Not all debt is bad. That may seem jarring to some people, but it’s true. Businesses use debt all the time to growth their business and work their way to profitability. It’s no different in personal finances.
What makes a debt good or bad has very little do with what kind of debt it is, whether it’s a credit card, student loan, car loan or mortgage. What makes it good or bad is how and why it’s used.
Good Debt Defined
What makes debt ‘good’, from a purely financial perspective anyways, is if it is being used to generate more cash. Look at that debt as an investment.
What is the investment and what is the expected return on investment? If you can answer that question, you can determine if a debt is good or not.
For example, student loans could be considered good debt, since the idea is that you’ll get a degree that’ll ultimately get you a job. I’ll explain later why student loans can’t automatically be considered ‘good’ debt. But for now, you get the idea. You go into debt to get a degree and come out with a job with good future income prospects.
Bad Debt Defined
On the other hand, maybe it’s easier to define what ‘bad’ debt is. Bad debt is when it is used for goods and services that are purely consumed without any expected financial returns.
For example, you and your girlfriend go out to eat at an expensive restaurant and then go bowling and put it all on a credit card. Or maybe a more extreme example. You take a 3-week cruise around Europe and you put it all on a 20% APR credit card because you don’t have the cash to pay that trip off right away. That’s bad debt.
There will be no financial return on that spending. It’s purely consumed.
Turning Bad Debt Into…
There are ways to turn really bad debt into not-so-bad debt. One way is to consolidate your debt with an organization like Lance Advisors.
By consolidating, you can take your super high interest credit card payments and refinance them into something more manageable. Depending on what you spend it on, it may still be bad debt, but you chip away at the consequences of it by reducing your interest rates.
Examples of Good Debt and Bad Debt
The following are some examples of good debt. Interest rates, terms and alternative sources of funding also play into this, but for now, let’s give you some simple examples.
I already mentioned student loans because the idea is that it’ll help you get a higher paying job. Again, let’s talk about why that may not always be the case.
If you go to a high-ranking public university and come out with $20,000 in student loans, that can be good debt if that gives you entrance into a career that eventually makes $100,000 or more. That is clearly good debt, and is seen as a wise investment in your future.
According to research, bachelor’s degree holders make $32,000 more annually than non-degree holders. So, you can easily see how this is an investment.

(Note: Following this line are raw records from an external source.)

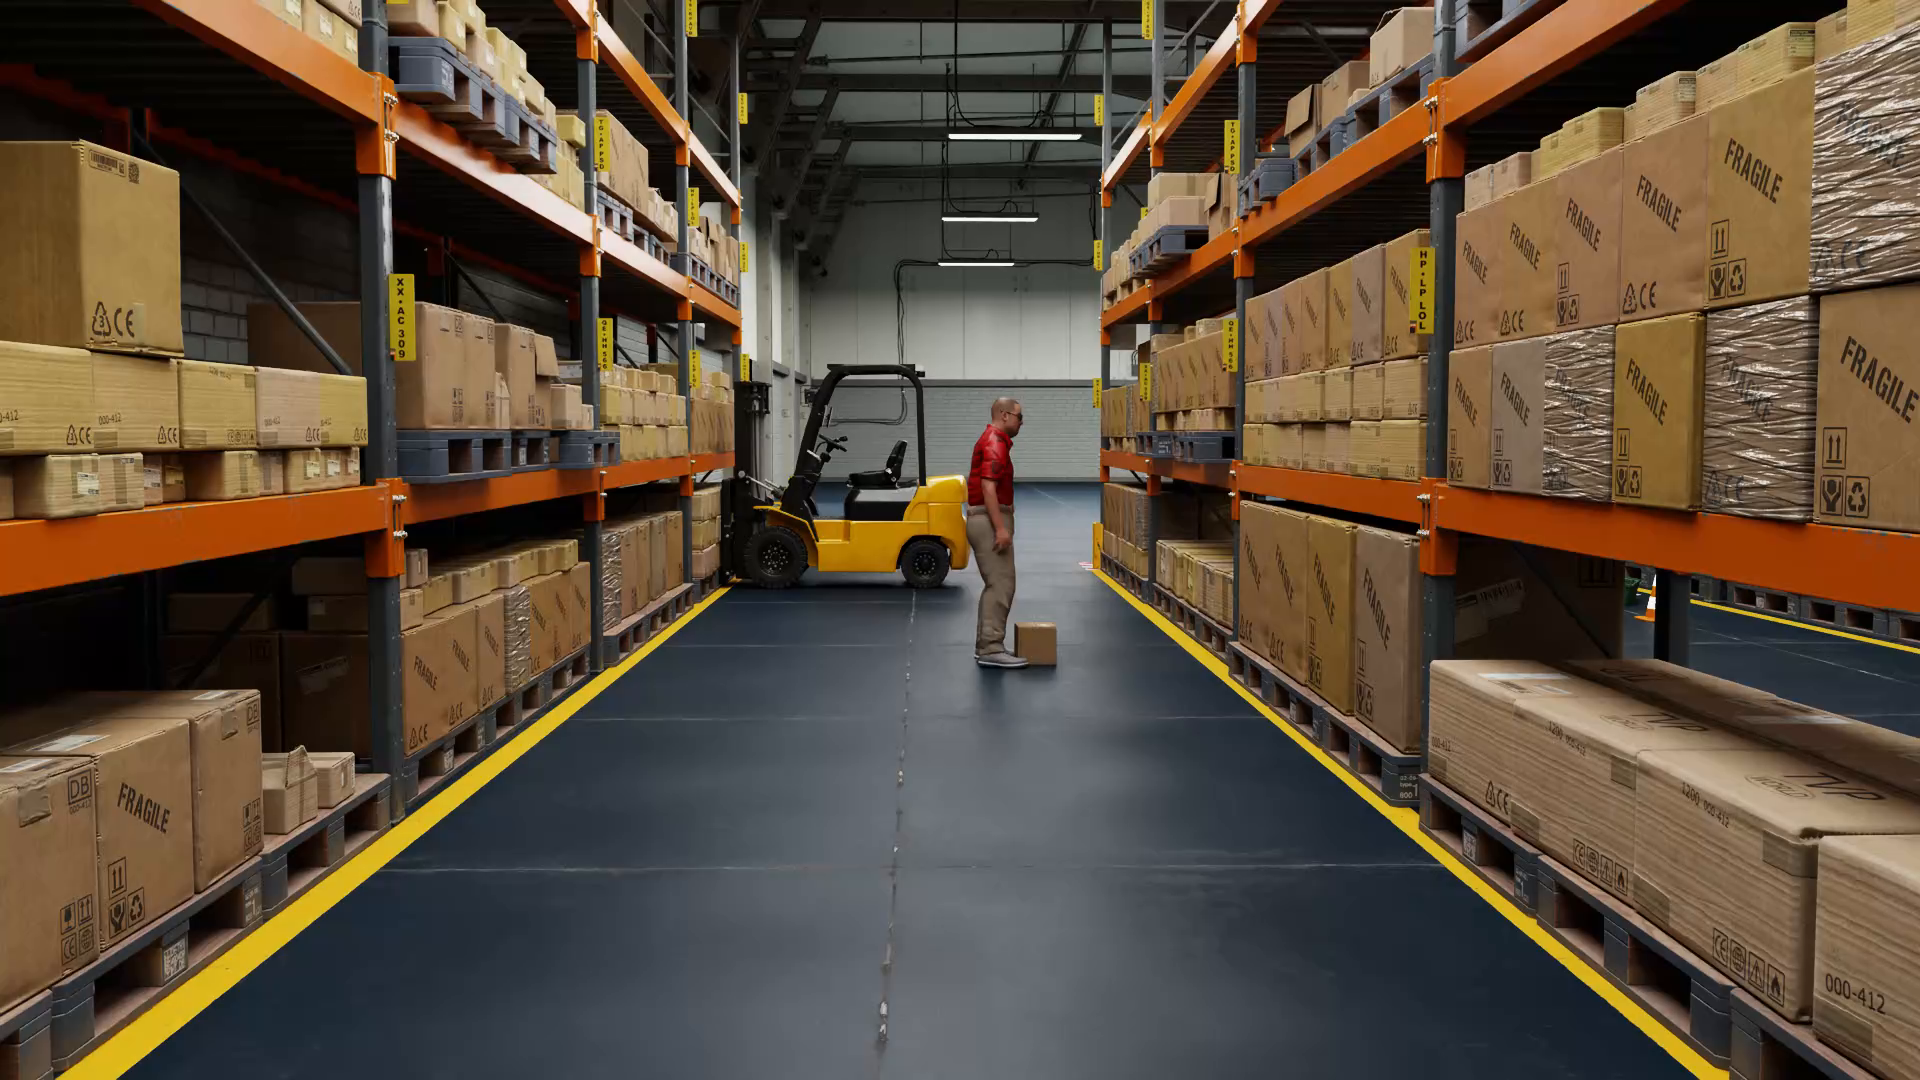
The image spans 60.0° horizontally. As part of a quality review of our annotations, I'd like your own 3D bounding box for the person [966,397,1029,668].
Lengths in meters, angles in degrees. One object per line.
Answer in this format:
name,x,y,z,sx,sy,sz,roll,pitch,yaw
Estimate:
person,0.237,-0.061,10.779,0.396,1.726,0.585,0,4,-1
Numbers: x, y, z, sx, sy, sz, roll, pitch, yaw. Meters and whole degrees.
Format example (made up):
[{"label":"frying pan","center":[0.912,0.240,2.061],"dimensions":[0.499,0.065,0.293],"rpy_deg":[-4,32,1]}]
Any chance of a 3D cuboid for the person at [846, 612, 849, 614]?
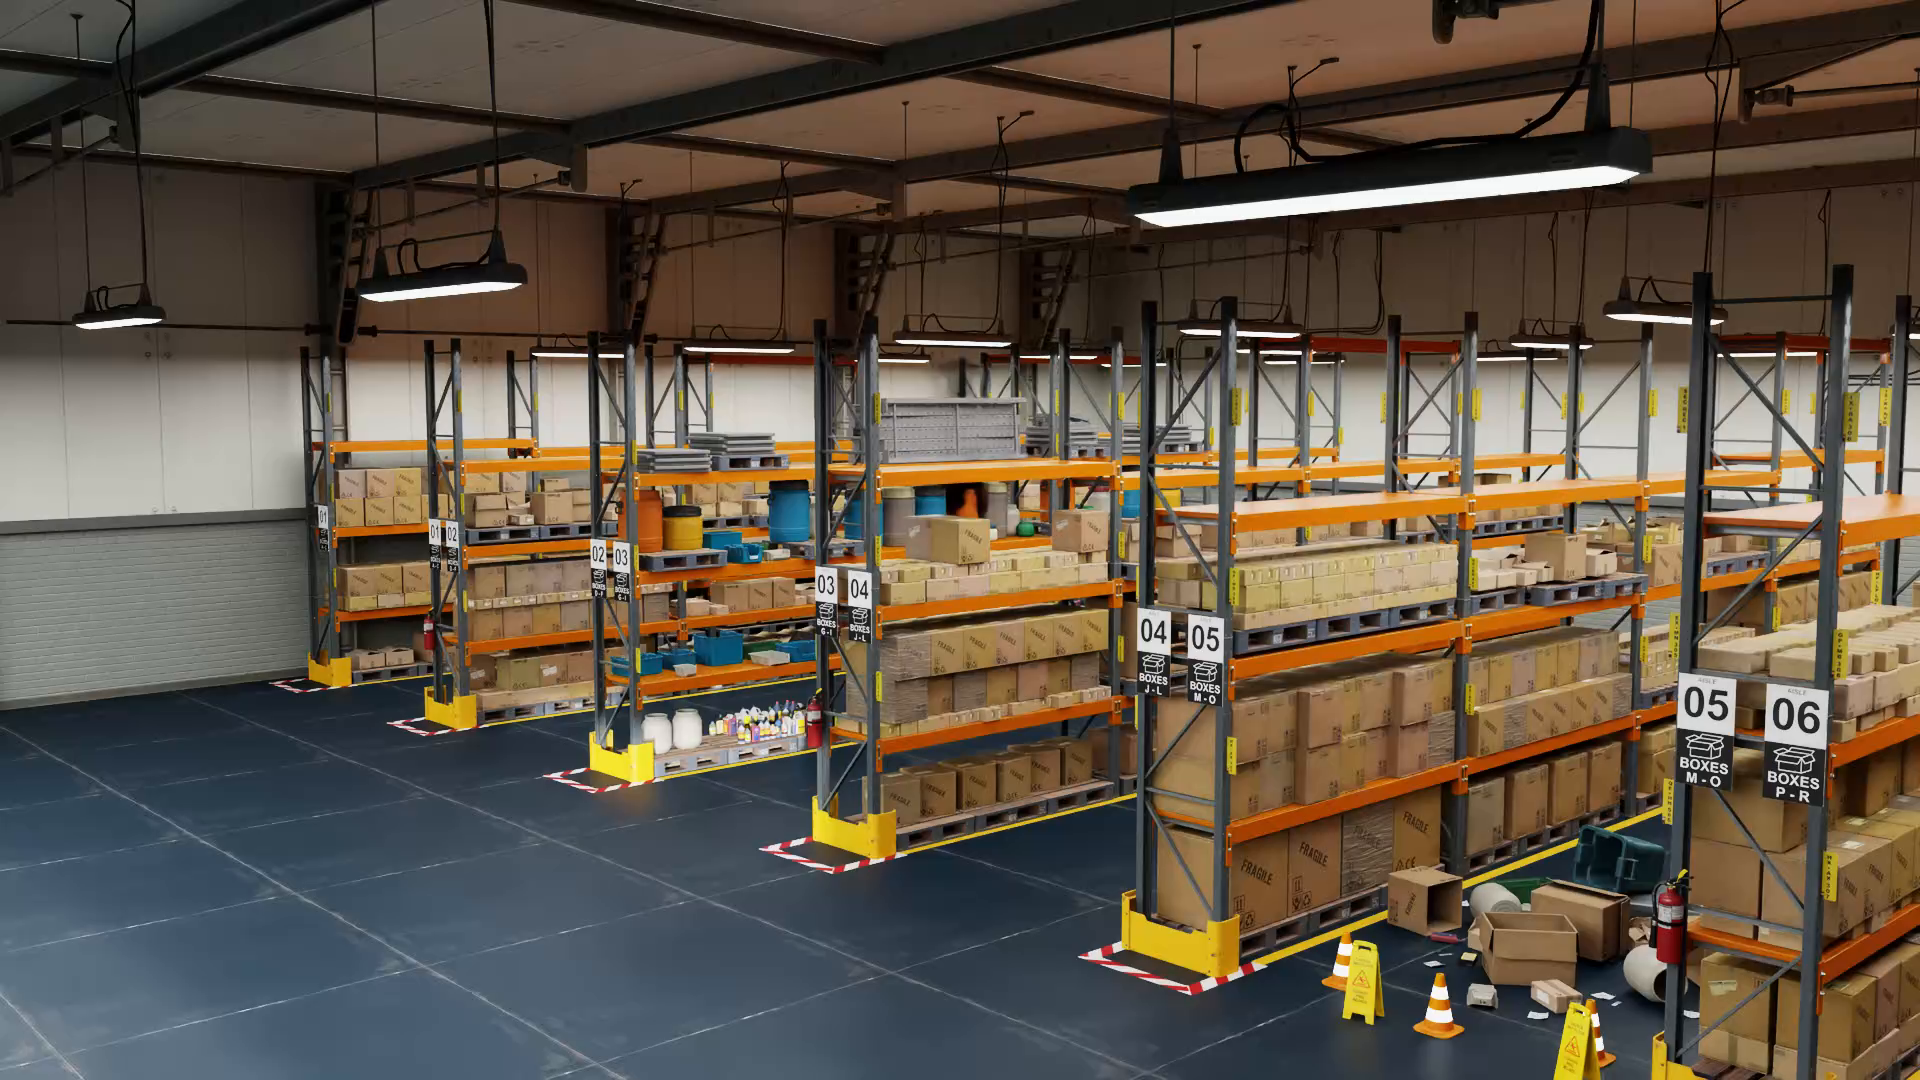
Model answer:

Another example is a mortgage. The fact is, you have to live somewhere. It’s either paying rent, which goes into a financial black hole, or you put it back into the equity in your home.
Another example is a car. If you buy a reliable, reasonably priced car to get to and from work, that is good debt. If you buy a Maserati that you can barely make the payments on and you don’t have a job, that is bad debt.
Even credit cards can be good debt. Let’s say you find a great opportunity to sell a certain kind of niche product and you can do it all online.
You may use a high interest credit card to buy the initial pallets of product at wholesale. If you turn around and sell that inventory at a high margin and are able to pay back the credit card soon thereafter, that is good debt, even though it’s a credit card.
Even if you rack up a high credit card debt, if it was to buy product that you’re selling for a profit, it can be good debt. That’s even more the case if you consolidate that debt with a group like Lance Advisors where you are also reducing your interest payments.
I probably don’t even have to go into examples of bad credit card debt. These are debts accrued for purchasing concert tickets, fast food, or Netflix memberships. Any debt without an expected return is bad.
If you think about debt properly, it can work in your favor. But if you consistently go into bad debt, you’ll end up broke.